# HS828 Belt Tensioner Question



## WrenchIt (Dec 6, 2020)

The parts fiche at Boats.org shows only two springs (see pic below) for the belt tensioners. 
#1 is the Wheel Tension Return Spring
#2 is the Auger Tensioner Return Spring

However, my Honda Service Manual shows a picture of 4 springs: #A Auger Tensioner; #B Auger Tensioner Return and #C Tensioner Roller; #D Tensioner Roller Return spring (letters are mine)

Do I simply buy two of each of the springs in the Boat's fiche? Note, this fiche is for SZAK 2,000,001 to 2,042,294 and my machine falls about half way between the two serial numbers. I have not pulled the machine apart yet, I'm planning on replacing the belts and springs (the machine is old enough to vote) and will do so when parts arrive).


----------



## orangputeh (Nov 24, 2016)

i'm curious as to why you want to replace springs? 2 springs are for auger belt tensioner and 2 for drive belt. Yes I have seen springs break. maybe 2 -3 in years and years? It has always been the top spring that connects to cable.

you're in for "gangs of fun" if you do attempt to replace these springs. I would leave them alone unless one is obviously worn. you can always stock the 2 top ones just in case.


----------



## WrenchIt (Dec 6, 2020)

orangputeh said:


> i'm curious as to why you want to replace springs?


Only because they are more than 20 years old and I am going in to replace the belts. Since the fiche only shows 2 springs, and the manual shows 4, do I order two of each of those? Good point, I'll stock them and not mess with them.


----------



## orangputeh (Nov 24, 2016)

WrenchIt said:


> Only because they are more than 20 years old and I am going in to replace the belts. Since the fiche only shows 2 springs, and the manual shows 4, do I order two of each of those? Good point, I'll stock them and not mess with them.


no. each spring is specific. each is a different size. each has a specific place to mount. if i were you i'd buy the $47 Honda shop manual for your specific model. one manual covers the HS624-724-828-928 and 1132. In it , it has size demensions of each spring.


----------



## orangputeh (Nov 24, 2016)

i looked around , even on official Honda parts look up and they all have this same diagram. they are all wrong. all 4 springs are a different size.

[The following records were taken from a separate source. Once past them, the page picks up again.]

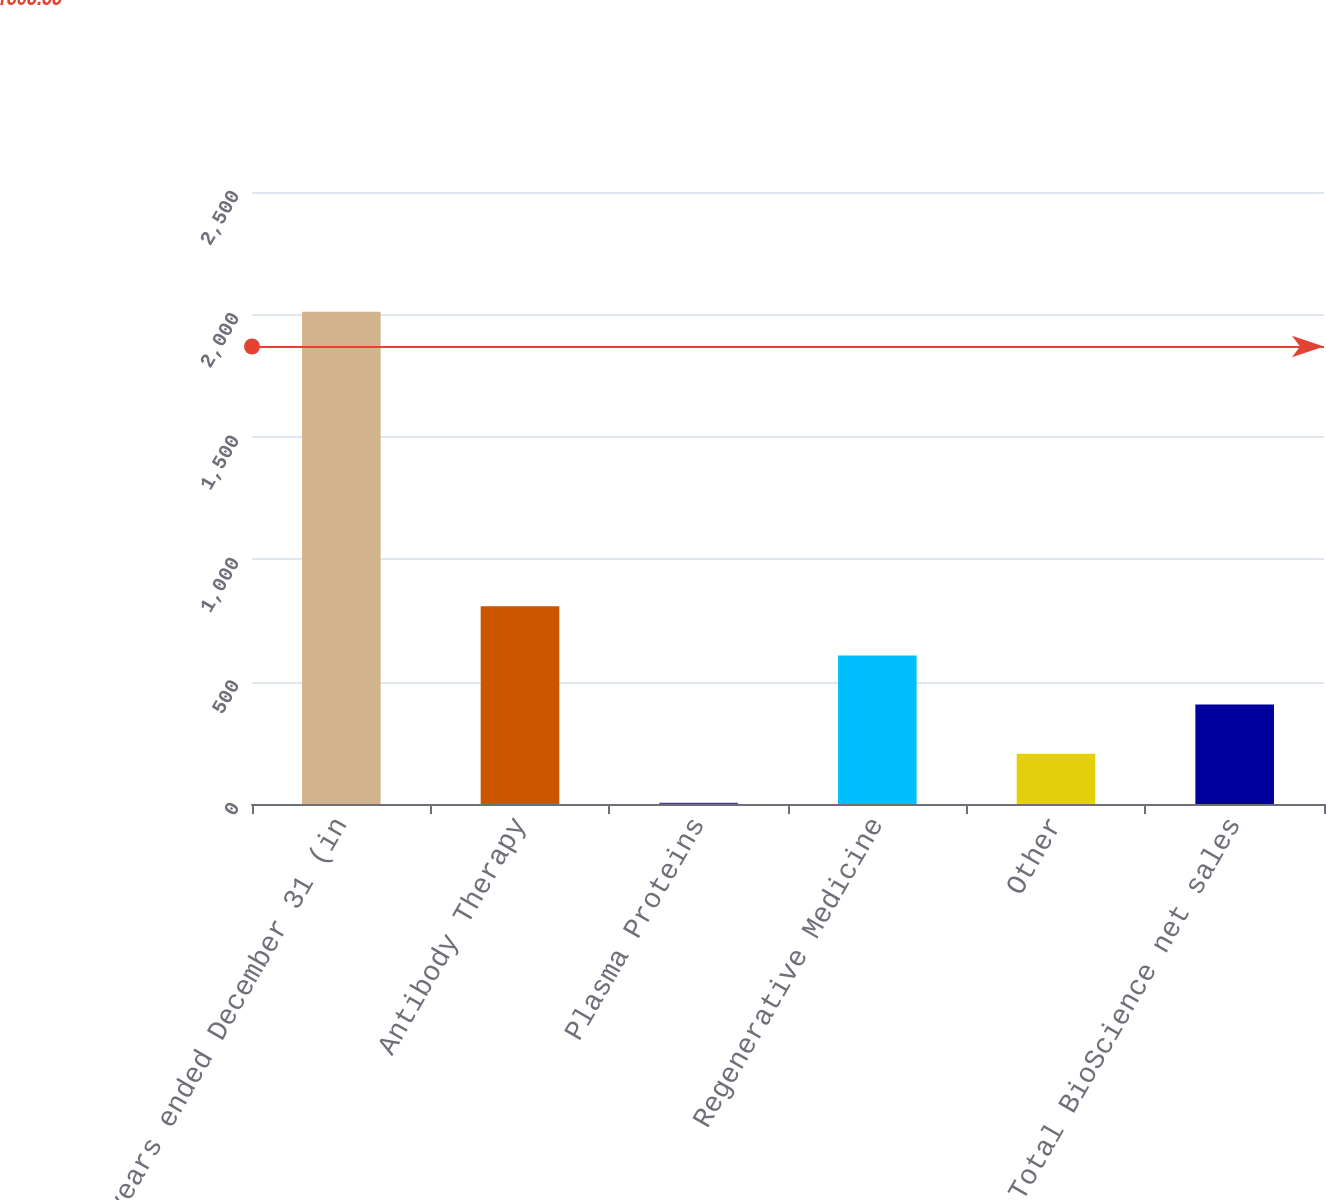Convert chart. <chart><loc_0><loc_0><loc_500><loc_500><bar_chart><fcel>years ended December 31 (in<fcel>Antibody Therapy<fcel>Plasma Proteins<fcel>Regenerative Medicine<fcel>Other<fcel>Total BioScience net sales<nl><fcel>2011<fcel>807.4<fcel>5<fcel>606.8<fcel>205.6<fcel>406.2<nl></chart> 
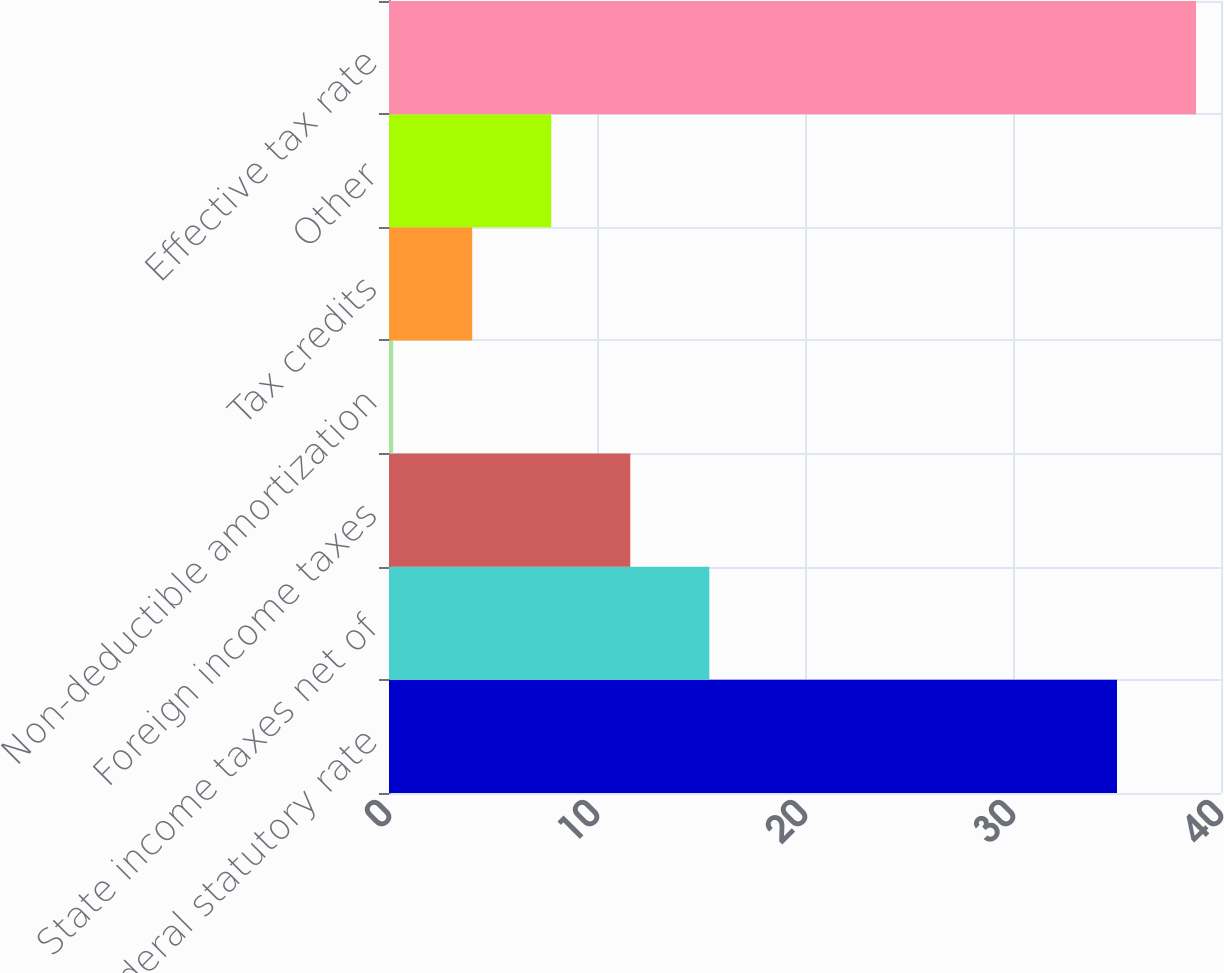Convert chart to OTSL. <chart><loc_0><loc_0><loc_500><loc_500><bar_chart><fcel>Federal statutory rate<fcel>State income taxes net of<fcel>Foreign income taxes<fcel>Non-deductible amortization<fcel>Tax credits<fcel>Other<fcel>Effective tax rate<nl><fcel>35<fcel>15.4<fcel>11.6<fcel>0.2<fcel>4<fcel>7.8<fcel>38.8<nl></chart> 
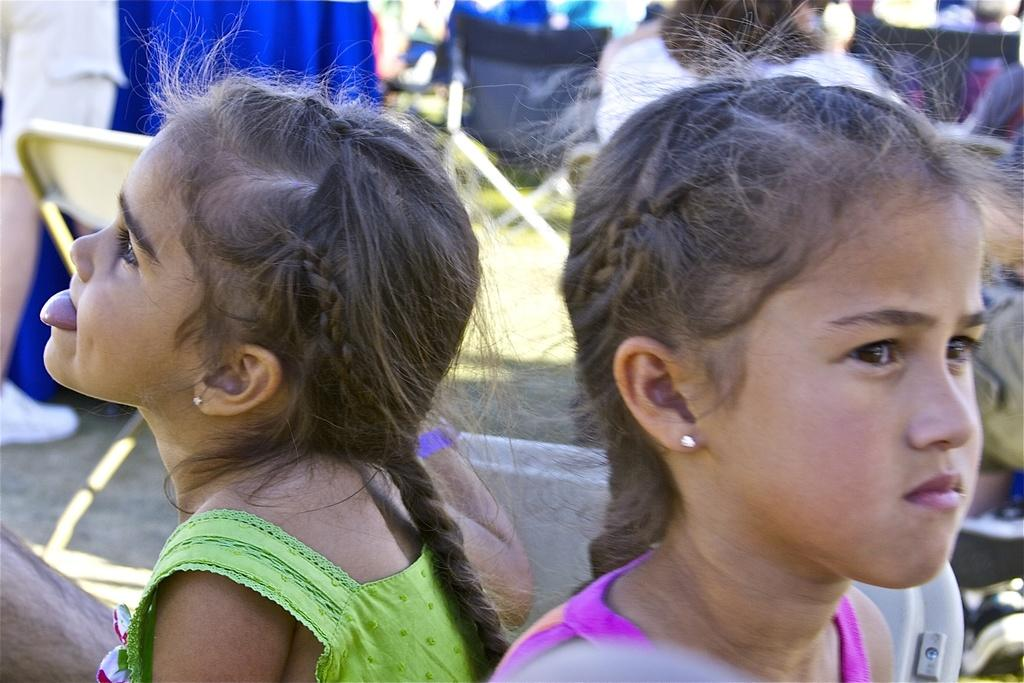How many girls are in the image? There are two girls in the image. What can be seen in the background of the image? Chairs are present on the ground in the background, and there are also a few persons visible. What type of door can be seen in the image? There is no door present in the image. What kind of pleasure are the girls experiencing in the image? The image does not provide any information about the girls' emotions or experiences, so it cannot be determined if they are experiencing pleasure. 
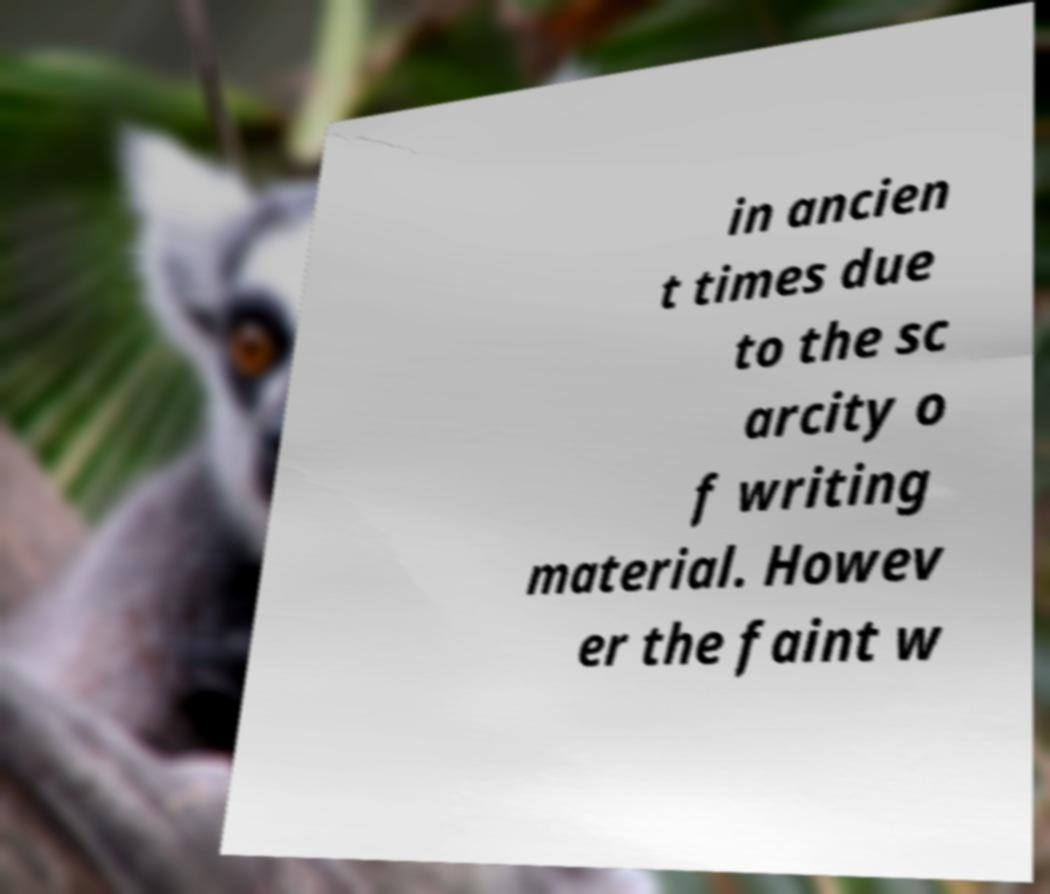Can you accurately transcribe the text from the provided image for me? in ancien t times due to the sc arcity o f writing material. Howev er the faint w

drive, top ... tensioner roller spring is 75mm
bottom tensioner roller return spring 50.6 mm

auger top ... auger tensioner spring is 82mm
bottom ........auger tensioner return spring 60.9mm

sorry, do not have Honda parts numbers. other than 2 on boats.net. I'm sure the dealer would have a better diagram. 

this is for your 828. also for 928-1132. not sure about other models.


----------



## tabora (Mar 1, 2017)

WrenchIt said:


> However, my Honda Service Manual shows a picture of 4 springs: #A Auger Tensioner; #B Auger Tensioner Return and #C Tensioner Roller; #D Tensioner Roller Return spring


Always start with the Honda Parts site... Honda Power Equipment - Parts Look Up - Official Site
Choose your correct model based on features and serial number and all your parts diagrams/lists will appear. They list 3 different springs, so go by what @orangputeh said.


----------



## WrenchIt (Dec 6, 2020)

orangputeh said:


> no. each spring is specific. each is a different size. each has a specific place to mount. if i were you i'd buy the $47 Honda shop manual for your specific model. one manual covers the HS624-724-828-928 and 1132. In it , it has size demensions of each spring.


Thanks for going to the trouble of checking this for me. I'll have to talk to my dealer.

BTW, I have a Honda Shop Manual for the HS828 that I bought when I bought the machine (I usually do this kind of thing for expensive pieces of machinery). However, it is sorely lacking on parts descriptions/numbers/dimensions. My copy has a 1991 date on it. Maybe more recent printings are more detailed.


----------



## orangputeh (Nov 24, 2016)

tabora said:


> Always start with the Honda Parts site... Honda Power Equipment - Parts Look Up - Official Site
> Choose your correct model based on features and serial number and all your parts diagrams/lists will appear. They list 3 different springs, so go by what @orangputeh said.


i saw the 3 listings also but it only shows 2 in diagram. very strange and confusing. I would think the same thing about just buying 2 sets of springs shown but it doesnt work that way.

just worked on a 1132 that had a wrong size spring installed by owner and of course the handle/cable etc wasnt engaging belt properly. took me awhile to figure it out. fortunately I had another machine in shop with bucket off for reference.


----------



## ST1100A (Feb 7, 2015)

That diagram shows the two return springs, the tension springs are on a different diagram that shows the cables that operate the belt tensioners and that linkage.
There are a total of 4 different springs, only 2 are shown on each diagram, there are 2 different diagrams that show the different springs.
The other 2 springs should be shown on the Handlebar diagram, that shows the 2 cables and their tension springs.


----------



## orangputeh (Nov 24, 2016)

ST1100A said:


> That diagram shows the two return springs, the tension springs are on a different diagram that shows the cables that operate the belt tensioners and that linkage.
> There are a total of 4 different springs, only 2 are shown on each diagram, there are 2 different diagrams that show the different springs.
> The other 2 springs should be shown on the Handlebar diagram, that shows the 2 cables and their tension springs.


thanks. knew it was somewhere. makes sense now.


----------



## WrenchIt (Dec 6, 2020)

ST1100A said:


> That diagram shows the two return springs, the tension springs are on a different diagram that shows the cables that operate the belt tensioners and that linkage.
> The other 2 springs should be shown on the Handlebar diagram, that shows the 2 cables and their tension springs.


Thank you. Given the detail in some of the other fiche pages, it makes no sense to me (but I'm not a parts guy) why all of these parts were not shown on one fiche - both the tensioner wheels and those handlebar parts as well.

Anyway, now that I've found the parts numbers, I ordered them from my local dealer. Thanks again.


----------